I understand what I am seeing is an event representing the deletion of an event. The problem I still have is that it looks exactly like the original event, there is nothing to indicate that it is an event that is "going away". Plus, a straight oc/kubectl get events doesn't show them. Any chance of updating the oc/kubectl get events watch to filter them? Maybe have the watch use the same filters the initial get events has? My use case for get events -w is always debugging things that are happening now and having old events interleaved with new ones is quite confusing. Example from today: 2016-06-16 14:52:47 -0400 EDT 2016-06-16 14:52:47 -0400 EDT 1 cakephp-example-51-build Pod Normal Scheduled {default-scheduler } Successfully assigned cakephp-example-51-build to ip-172-31-8-197.ec2.internal 2016-06-16 12:52:47 -0400 EDT 2016-06-16 12:52:47 -0400 EDT 1 cakephp-example-11-build Pod spec.containers{sti-build} Normal Pulling {kubelet ip-172-31-8-200.ec2.internal} pulling image "registry.qe.openshift.com/openshift3/ose-sti-builder:v3.2.1.1" 2016-06-16 12:52:47 -0400 EDT 2016-06-16 12:52:47 -0400 EDT 1 django-example-11-build Pod spec.containers{sti-build} Normal Pulling {kubelet ip-172-31-8-199.ec2.internal} pulling image "registry.qe.openshift.com/openshift3/ose-sti-builder:v3.2.1.1" 2016-06-16 14:52:48 -0400 EDT 2016-06-16 14:52:48 -0400 EDT 1 django-example-51-build Pod spec.containers{sti-build} Normal Pulling {kubelet ip-172-31-8-198.ec2.internal} pulling image "registry.qe.openshift.com/openshift3/ose-sti-builder:v3.2.1.1"
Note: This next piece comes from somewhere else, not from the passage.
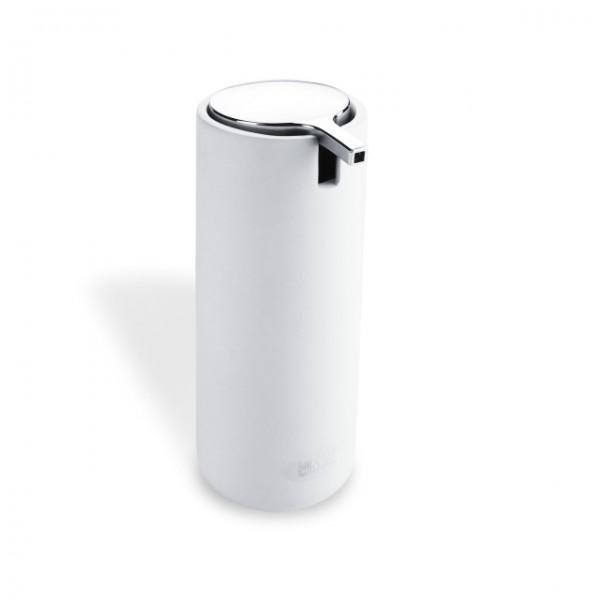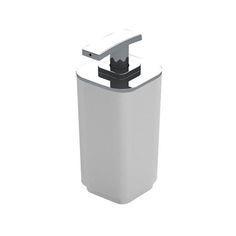The first image is the image on the left, the second image is the image on the right. Analyze the images presented: Is the assertion "The dispenser in the image on the right is round" valid? Answer yes or no. No. The first image is the image on the left, the second image is the image on the right. For the images shown, is this caption "The dispenser on the left is rectangular in shape." true? Answer yes or no. No. 
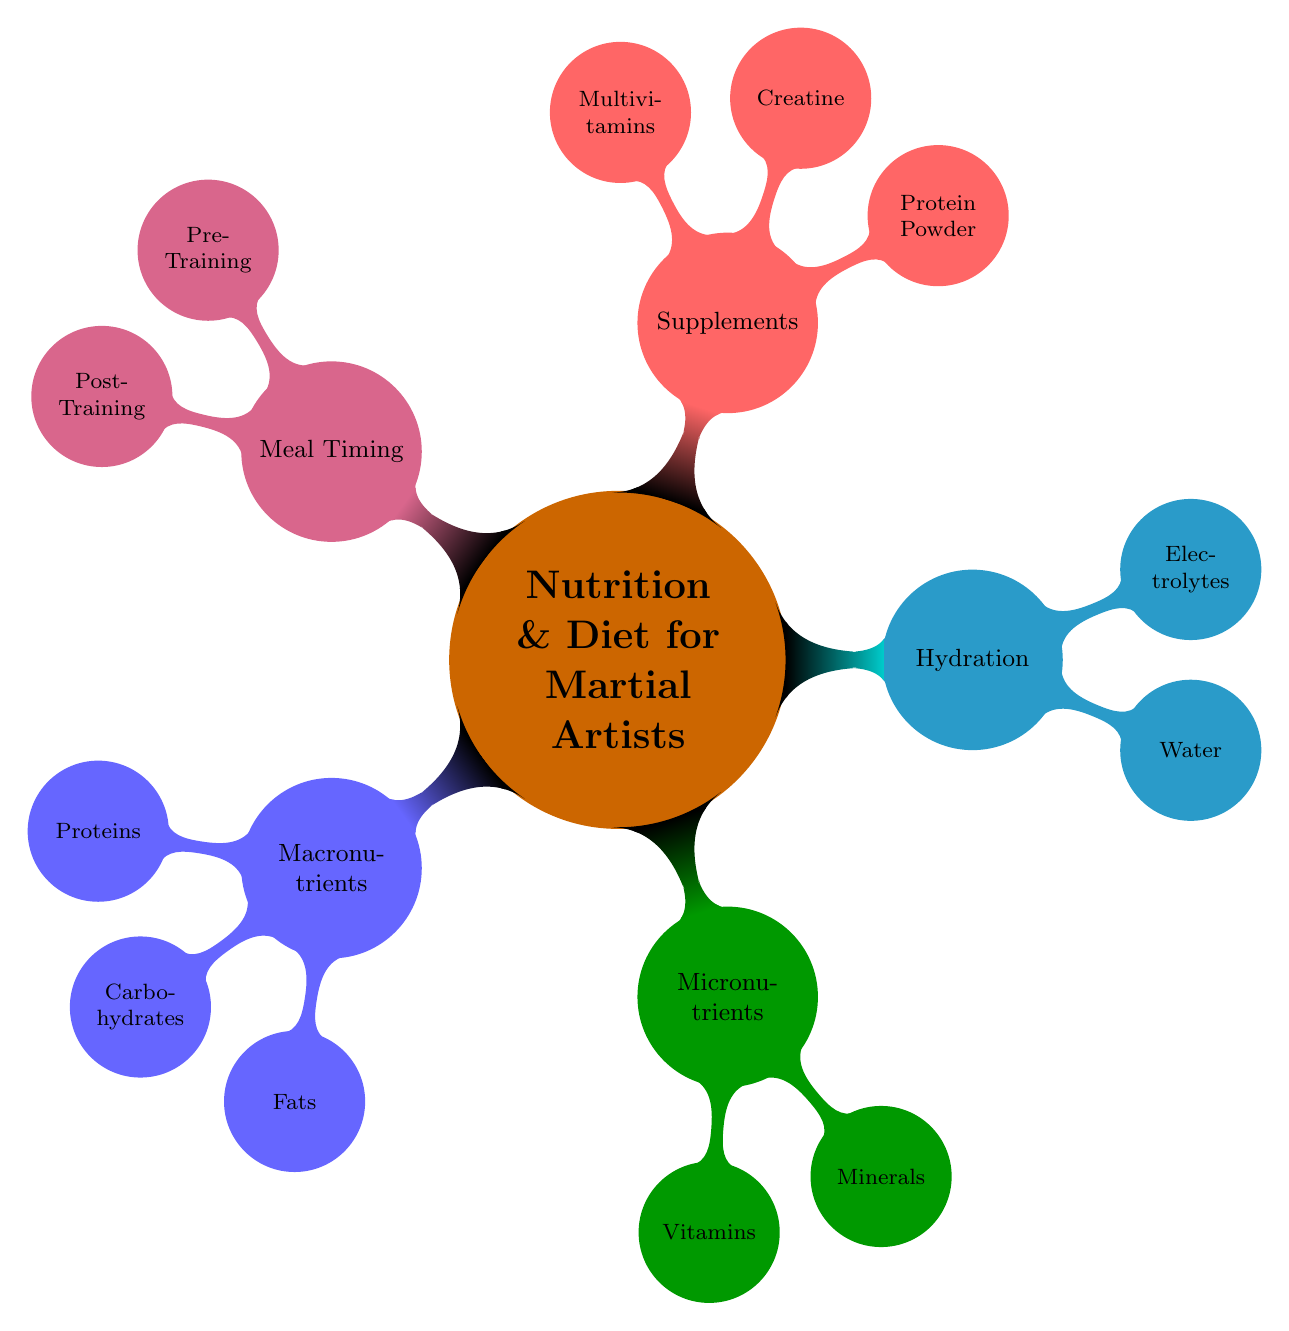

kubectl using a per-resource-type printer function to output the object returned in a watch event. In the case of pods, the pod has a status field the printer shows (Creating, Running, Terminating). However an event resource has no "status" per say. It is just a record of what happened. The initial listing that kubectl get -w does is a separate API call from the watch. If you add --v=9 you'll see on API call for the list and a separate one for the watch. The only thing I can think of is to add a new flag to kubectl get like --watch-type=[ADDED|MODIFIED|DELETED] that would only print watch events of a certain type.
Great digging Seth! Somewhat related issue: https://github.com/kubernetes/kubernetes/issues/17612
This is working as designed. Feel free to open an RFE to request that you can filter by watch-type per Seth's prior comment. Closing this bug, and we can prioritize a future RFE (if opened).